M. Jean Bizet, président. - Qui dit stock dit coût !

M. Rachid Izzar. - Cette somme est intégrée dans les 45 millions d'euros dont je vous ai parlé tout à l'heure. Il s'agit de frais de restructuration.

Mme Gisèle Jourda. - Je voulais vous faire part de mon inquiétude. Deux médicaments produits par votre groupe au Royaume-Uni pourraient faire l'objet d'un défaut d'approvisionnement dont le Zoladex utilisé pour le traitement des cancers du sein et de la prostate. 8 000 patients sont concernés. La Secrétaire générale des affaires européennes, Sandrine Gaudin, nous avait indiqué que des travaux avaient été conduits avec l'Agence européenne du médicament afin d'anticiper ce type de risque. Quand on voit les problèmes d'approvisionnement qu'induit un changement de texture ou de conditionnement, on peut s'interroger sur les conséquences d'un Brexit, phénomène de toute autre ampleur. Quel message pouvons-nous adresser à nos concitoyens ? C'est un sujet sensible qui touche au corps et à la santé.

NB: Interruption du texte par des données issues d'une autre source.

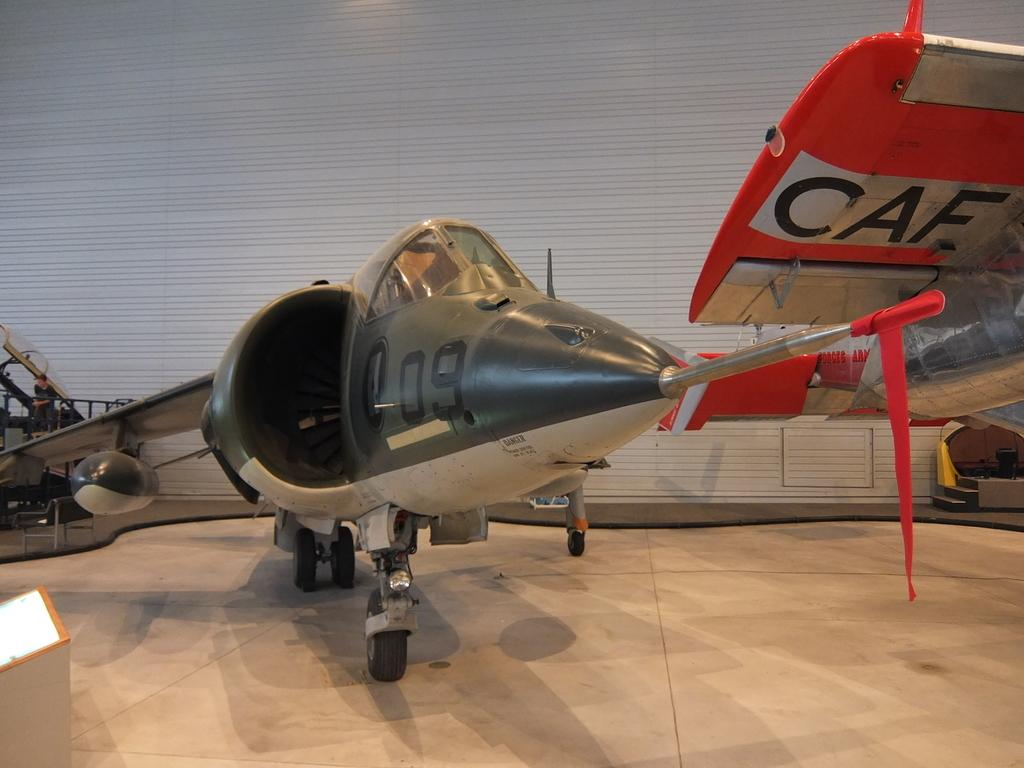<image>
Relay a brief, clear account of the picture shown. The underside of a plane's orange colored wing is marked with CAF. 
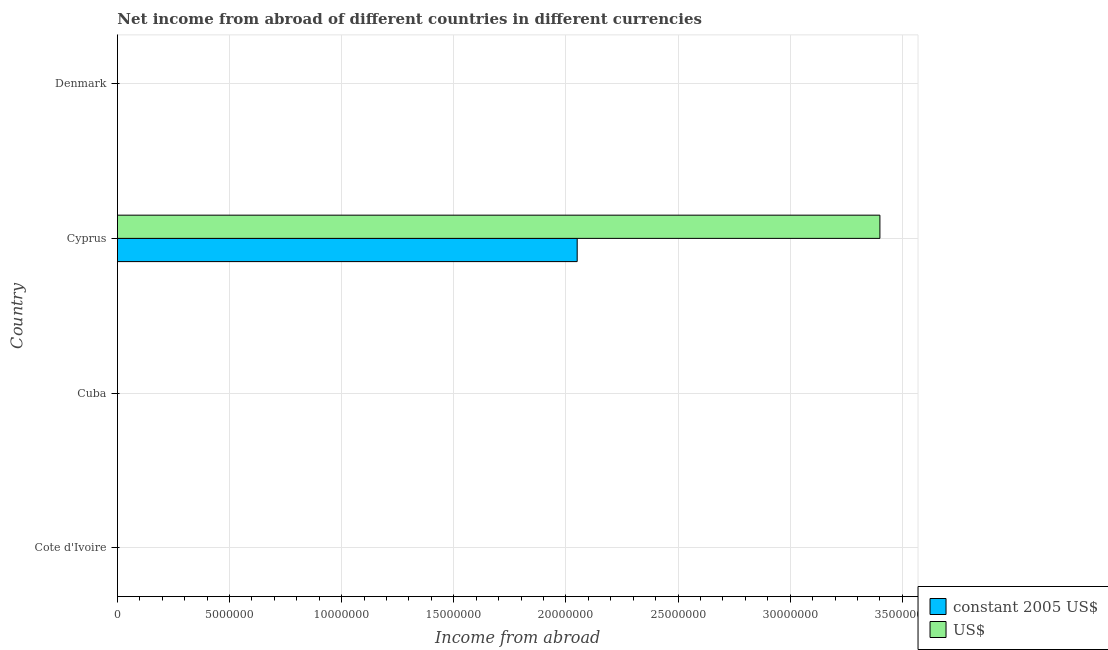How many different coloured bars are there?
Give a very brief answer. 2. Are the number of bars on each tick of the Y-axis equal?
Give a very brief answer. No. How many bars are there on the 1st tick from the top?
Keep it short and to the point. 0. How many bars are there on the 4th tick from the bottom?
Ensure brevity in your answer.  0. What is the label of the 4th group of bars from the top?
Give a very brief answer. Cote d'Ivoire. What is the income from abroad in us$ in Denmark?
Your answer should be compact. 0. Across all countries, what is the maximum income from abroad in us$?
Ensure brevity in your answer.  3.40e+07. Across all countries, what is the minimum income from abroad in constant 2005 us$?
Keep it short and to the point. 0. In which country was the income from abroad in constant 2005 us$ maximum?
Your answer should be very brief. Cyprus. What is the total income from abroad in constant 2005 us$ in the graph?
Your answer should be very brief. 2.05e+07. What is the difference between the income from abroad in constant 2005 us$ in Cote d'Ivoire and the income from abroad in us$ in Cyprus?
Provide a succinct answer. -3.40e+07. What is the average income from abroad in us$ per country?
Make the answer very short. 8.50e+06. What is the difference between the income from abroad in constant 2005 us$ and income from abroad in us$ in Cyprus?
Offer a terse response. -1.35e+07. In how many countries, is the income from abroad in constant 2005 us$ greater than 13000000 units?
Your answer should be very brief. 1. What is the difference between the highest and the lowest income from abroad in constant 2005 us$?
Ensure brevity in your answer.  2.05e+07. Where does the legend appear in the graph?
Give a very brief answer. Bottom right. What is the title of the graph?
Your response must be concise. Net income from abroad of different countries in different currencies. Does "By country of asylum" appear as one of the legend labels in the graph?
Ensure brevity in your answer.  No. What is the label or title of the X-axis?
Give a very brief answer. Income from abroad. What is the Income from abroad in constant 2005 US$ in Cote d'Ivoire?
Provide a succinct answer. 0. What is the Income from abroad in US$ in Cote d'Ivoire?
Your answer should be compact. 0. What is the Income from abroad in US$ in Cuba?
Your answer should be very brief. 0. What is the Income from abroad in constant 2005 US$ in Cyprus?
Offer a terse response. 2.05e+07. What is the Income from abroad in US$ in Cyprus?
Your answer should be compact. 3.40e+07. Across all countries, what is the maximum Income from abroad in constant 2005 US$?
Provide a succinct answer. 2.05e+07. Across all countries, what is the maximum Income from abroad in US$?
Your answer should be compact. 3.40e+07. Across all countries, what is the minimum Income from abroad of constant 2005 US$?
Provide a short and direct response. 0. What is the total Income from abroad of constant 2005 US$ in the graph?
Offer a terse response. 2.05e+07. What is the total Income from abroad in US$ in the graph?
Provide a succinct answer. 3.40e+07. What is the average Income from abroad of constant 2005 US$ per country?
Ensure brevity in your answer.  5.13e+06. What is the average Income from abroad of US$ per country?
Provide a succinct answer. 8.50e+06. What is the difference between the Income from abroad of constant 2005 US$ and Income from abroad of US$ in Cyprus?
Offer a very short reply. -1.35e+07. What is the difference between the highest and the lowest Income from abroad in constant 2005 US$?
Offer a very short reply. 2.05e+07. What is the difference between the highest and the lowest Income from abroad of US$?
Make the answer very short. 3.40e+07.

M. Rachid Izzar. - Nous avions en effet une vraie préoccupation avec le Zoladex. Nous nous nous sommes préparés à une duplication des tests dès 2016. Reste que ce médicament est soumis à un processus complexe et que la réalisation des tests nécessite un délai incompressible de 42 mois. De fait, faute de maintien du principe de reconnaissance mutuelle, nous serions confrontés à un risque réel de rupture. Les deux lettres de l'ANSM et de la Commission européenne nous autorisent aujourd'hui à l'importer. Il n'y a donc plus de problème d'approvisionnement compte-tenu de la reconnaissance de la certification britannique.

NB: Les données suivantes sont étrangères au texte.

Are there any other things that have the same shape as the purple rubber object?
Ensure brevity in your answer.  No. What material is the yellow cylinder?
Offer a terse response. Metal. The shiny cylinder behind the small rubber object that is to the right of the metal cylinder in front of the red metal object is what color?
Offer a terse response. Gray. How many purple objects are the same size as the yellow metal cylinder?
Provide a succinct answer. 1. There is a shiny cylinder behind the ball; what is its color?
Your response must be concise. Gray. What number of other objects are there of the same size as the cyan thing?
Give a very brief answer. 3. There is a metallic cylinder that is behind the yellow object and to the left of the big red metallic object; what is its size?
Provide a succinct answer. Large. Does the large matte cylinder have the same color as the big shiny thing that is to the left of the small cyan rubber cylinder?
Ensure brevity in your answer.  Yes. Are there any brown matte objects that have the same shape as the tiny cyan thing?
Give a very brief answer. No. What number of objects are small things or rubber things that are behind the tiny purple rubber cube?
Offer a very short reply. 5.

M. Gilbert-Luc Devinaz. - Le coût de la sortie du Royaume-Uni pour le secteur du médicament est aujourd'hui estimé à 100 millions de dollars. Quelles peuvent être les conséquences sur l'emploi au sein de votre groupe ?

M. Rachid Izzar. - Il y a effectivement un coût pour le groupe. Nous l'avons chiffré à 45 millions d'euros. Mais il n'y aura aucune conséquence sur l'emploi.

M. Richard Yung. - Je reviens sur la question des prix des produits pharmaceutiques. Ils font l'objet d'une discussion avec le Gouvernement. Mais qu'en est-il des taxes ? Les Britanniques quittent l'Union européenne au nom du libéralisme, ils ne devraient donc pas être allants sur la taxation. Mais qu'en est-il de l'autre côté de la Manche ? Je note, par ailleurs, que l'Agence européenne du médicament déménage à Amsterdam.

M. Rachid Izzar. - Rien ne se fera sans l'Agence européenne du médicament. Je laisse Philippe Mourouga détailler le mécanisme de fixation des prix.

M. Philippe Mourouga, directeur des affaires publiques, des affaires économiques, juridiques et communication - AstraZeneca France. - Comme vous l'avez indiqué, le prix d'un médicament en France est négocié avec les autorités de santé. Au préalable, avec la Haute autorité de santé (HAS), cette négociation est abordée sous deux angles : son apport scientifique et sa valeur économique. L'innovation que le médicament représente et le marché dans lequel il s'insère sont étudiés. Il n'y aura donc pas d'impact du Brexit sur les règles de négociations des prix.

M. Richard Yung. - Et il n'y a donc pas de prix unique au niveau européen.

M. Philippe Mourouga. - L'autorisation de mise sur le marché est transmise à l'ANSM par l'Agence européenne du médicament. C'est ensuite à l'HAS d'évaluer le médicament et son prix en fonction du taux de remboursement, de l'intérêt du médicament pour le système de santé et de son aspect novateur. La négociation s'appuie sur une comparaison avec les prix existants et prend bien évidemment en compte ce que nous demandons et le coût pour la solidarité nationale. La fixation du prix est, en tout état de cause, disjointe de la question des taxes.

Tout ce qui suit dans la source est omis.